BRIEF: From the listing below, copy each line that contains the word "angles".

---+---

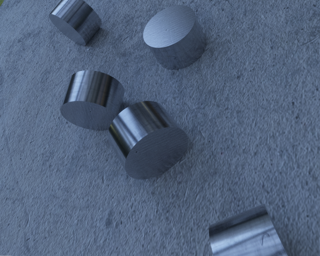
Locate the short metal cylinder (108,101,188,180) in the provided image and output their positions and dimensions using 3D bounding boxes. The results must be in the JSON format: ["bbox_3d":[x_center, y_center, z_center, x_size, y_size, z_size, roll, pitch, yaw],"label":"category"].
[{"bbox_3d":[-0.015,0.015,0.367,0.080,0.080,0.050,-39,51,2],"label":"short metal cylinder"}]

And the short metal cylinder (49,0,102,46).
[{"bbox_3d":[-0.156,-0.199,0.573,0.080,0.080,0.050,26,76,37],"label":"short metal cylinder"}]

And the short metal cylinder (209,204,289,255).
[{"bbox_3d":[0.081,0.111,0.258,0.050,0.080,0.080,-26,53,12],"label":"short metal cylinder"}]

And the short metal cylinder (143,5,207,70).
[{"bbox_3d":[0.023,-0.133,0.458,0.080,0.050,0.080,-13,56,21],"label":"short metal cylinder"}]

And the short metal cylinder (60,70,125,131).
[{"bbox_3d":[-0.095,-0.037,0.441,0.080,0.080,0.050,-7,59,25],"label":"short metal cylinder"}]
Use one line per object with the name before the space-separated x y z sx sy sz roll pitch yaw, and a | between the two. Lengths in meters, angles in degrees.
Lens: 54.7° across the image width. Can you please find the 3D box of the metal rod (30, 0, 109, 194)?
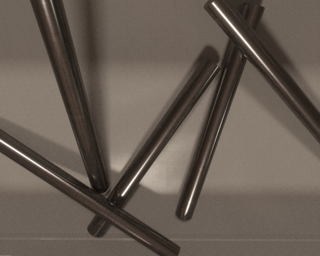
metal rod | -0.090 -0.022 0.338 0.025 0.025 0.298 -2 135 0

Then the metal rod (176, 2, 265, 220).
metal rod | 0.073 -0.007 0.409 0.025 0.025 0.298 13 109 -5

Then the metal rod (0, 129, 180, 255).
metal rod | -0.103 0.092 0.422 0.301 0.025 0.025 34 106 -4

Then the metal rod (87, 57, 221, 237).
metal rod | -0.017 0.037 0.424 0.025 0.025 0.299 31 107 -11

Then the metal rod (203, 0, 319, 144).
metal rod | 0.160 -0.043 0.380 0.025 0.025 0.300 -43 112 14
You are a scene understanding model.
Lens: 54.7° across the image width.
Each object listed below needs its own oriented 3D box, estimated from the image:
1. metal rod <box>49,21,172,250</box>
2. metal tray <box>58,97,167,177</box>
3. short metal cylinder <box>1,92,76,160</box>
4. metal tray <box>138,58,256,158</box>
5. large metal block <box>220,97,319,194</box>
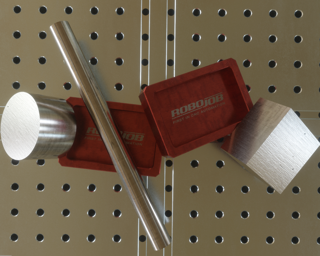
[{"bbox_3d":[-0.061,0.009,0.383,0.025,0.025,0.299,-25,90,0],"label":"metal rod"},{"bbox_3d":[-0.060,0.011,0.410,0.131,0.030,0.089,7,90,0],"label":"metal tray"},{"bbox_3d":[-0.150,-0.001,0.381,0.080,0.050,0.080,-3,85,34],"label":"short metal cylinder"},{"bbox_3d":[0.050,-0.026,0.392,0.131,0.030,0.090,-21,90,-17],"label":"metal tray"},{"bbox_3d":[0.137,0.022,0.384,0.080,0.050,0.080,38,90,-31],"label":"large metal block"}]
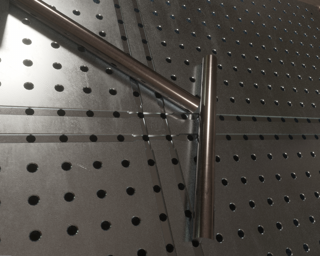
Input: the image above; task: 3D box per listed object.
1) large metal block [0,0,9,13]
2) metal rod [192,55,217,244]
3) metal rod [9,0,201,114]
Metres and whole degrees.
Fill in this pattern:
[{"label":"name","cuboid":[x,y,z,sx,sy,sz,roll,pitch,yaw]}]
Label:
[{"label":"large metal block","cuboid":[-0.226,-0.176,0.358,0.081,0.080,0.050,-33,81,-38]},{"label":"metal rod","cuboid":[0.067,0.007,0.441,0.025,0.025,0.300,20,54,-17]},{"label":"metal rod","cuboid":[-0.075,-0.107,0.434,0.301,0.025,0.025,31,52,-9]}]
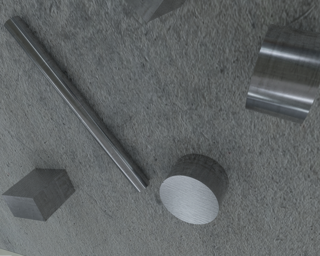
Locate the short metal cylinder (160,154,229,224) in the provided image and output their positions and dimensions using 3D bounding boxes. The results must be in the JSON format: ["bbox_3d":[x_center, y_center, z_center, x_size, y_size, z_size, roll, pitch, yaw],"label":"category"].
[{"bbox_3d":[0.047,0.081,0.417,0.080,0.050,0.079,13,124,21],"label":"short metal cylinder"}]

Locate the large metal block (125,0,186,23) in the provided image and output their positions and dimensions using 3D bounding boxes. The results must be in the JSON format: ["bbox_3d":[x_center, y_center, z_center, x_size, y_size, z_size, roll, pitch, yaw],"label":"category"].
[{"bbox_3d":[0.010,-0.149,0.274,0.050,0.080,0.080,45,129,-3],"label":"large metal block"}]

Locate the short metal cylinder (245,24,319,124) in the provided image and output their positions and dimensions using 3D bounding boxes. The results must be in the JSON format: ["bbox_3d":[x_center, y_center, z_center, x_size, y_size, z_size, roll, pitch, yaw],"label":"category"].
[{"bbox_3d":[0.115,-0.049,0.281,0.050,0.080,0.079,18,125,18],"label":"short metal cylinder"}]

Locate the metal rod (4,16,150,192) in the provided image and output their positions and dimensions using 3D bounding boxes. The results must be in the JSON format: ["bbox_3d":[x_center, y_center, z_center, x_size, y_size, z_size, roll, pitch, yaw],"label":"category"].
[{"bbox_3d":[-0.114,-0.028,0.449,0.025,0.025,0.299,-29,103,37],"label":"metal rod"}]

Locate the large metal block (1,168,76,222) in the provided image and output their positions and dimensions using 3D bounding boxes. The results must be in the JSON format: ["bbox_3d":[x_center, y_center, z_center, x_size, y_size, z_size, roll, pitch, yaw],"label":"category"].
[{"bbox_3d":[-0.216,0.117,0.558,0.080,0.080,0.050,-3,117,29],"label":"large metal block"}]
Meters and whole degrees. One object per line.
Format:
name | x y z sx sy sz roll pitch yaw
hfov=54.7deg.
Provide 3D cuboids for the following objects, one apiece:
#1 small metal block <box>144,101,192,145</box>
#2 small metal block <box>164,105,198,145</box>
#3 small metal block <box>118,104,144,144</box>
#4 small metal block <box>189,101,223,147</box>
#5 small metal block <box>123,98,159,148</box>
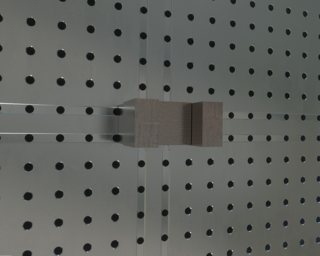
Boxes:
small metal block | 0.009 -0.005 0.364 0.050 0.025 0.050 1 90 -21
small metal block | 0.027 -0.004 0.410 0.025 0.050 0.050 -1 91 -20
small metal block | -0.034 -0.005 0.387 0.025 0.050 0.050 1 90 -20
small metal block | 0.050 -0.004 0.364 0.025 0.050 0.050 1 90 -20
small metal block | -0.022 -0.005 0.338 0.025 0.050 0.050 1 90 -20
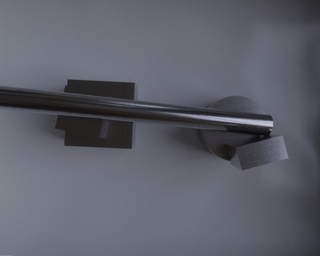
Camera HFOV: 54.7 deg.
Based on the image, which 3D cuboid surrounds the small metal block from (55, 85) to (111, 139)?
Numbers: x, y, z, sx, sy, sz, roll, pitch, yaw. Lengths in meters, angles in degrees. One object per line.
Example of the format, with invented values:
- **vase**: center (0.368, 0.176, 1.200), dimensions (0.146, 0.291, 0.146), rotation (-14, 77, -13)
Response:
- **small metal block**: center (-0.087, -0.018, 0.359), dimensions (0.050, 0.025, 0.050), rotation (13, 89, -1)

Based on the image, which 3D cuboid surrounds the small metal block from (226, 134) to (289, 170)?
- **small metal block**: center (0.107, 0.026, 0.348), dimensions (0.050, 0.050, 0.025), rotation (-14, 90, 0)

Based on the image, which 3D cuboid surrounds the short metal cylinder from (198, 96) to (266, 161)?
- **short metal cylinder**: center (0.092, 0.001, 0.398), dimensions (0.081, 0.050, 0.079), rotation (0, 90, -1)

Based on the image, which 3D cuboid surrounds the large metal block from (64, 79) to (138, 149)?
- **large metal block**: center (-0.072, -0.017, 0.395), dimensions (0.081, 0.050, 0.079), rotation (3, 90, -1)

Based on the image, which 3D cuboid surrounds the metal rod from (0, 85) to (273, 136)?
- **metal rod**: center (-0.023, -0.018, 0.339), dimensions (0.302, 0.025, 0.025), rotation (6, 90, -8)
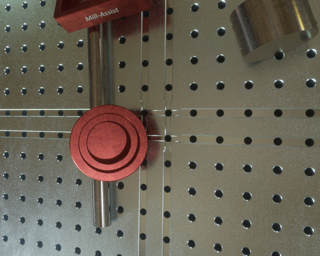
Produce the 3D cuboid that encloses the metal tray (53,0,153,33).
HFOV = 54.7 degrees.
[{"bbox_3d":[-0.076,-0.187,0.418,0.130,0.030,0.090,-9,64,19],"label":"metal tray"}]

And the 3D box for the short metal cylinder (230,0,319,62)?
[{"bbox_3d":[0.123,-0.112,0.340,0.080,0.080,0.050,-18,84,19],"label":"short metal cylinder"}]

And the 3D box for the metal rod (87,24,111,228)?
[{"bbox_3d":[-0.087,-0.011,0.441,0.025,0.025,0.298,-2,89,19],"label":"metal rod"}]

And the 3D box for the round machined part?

---+---

REPLY:
Use one line per object with the name before the space-separated x y z sx sy sz roll pitch yaw, and a | between the two. Lengths in meters, angles in degrees.
Numbers: x, y, z, sx, sy, sz, roll, pitch, yaw. Lengths in meters, angles in degrees. One object per line.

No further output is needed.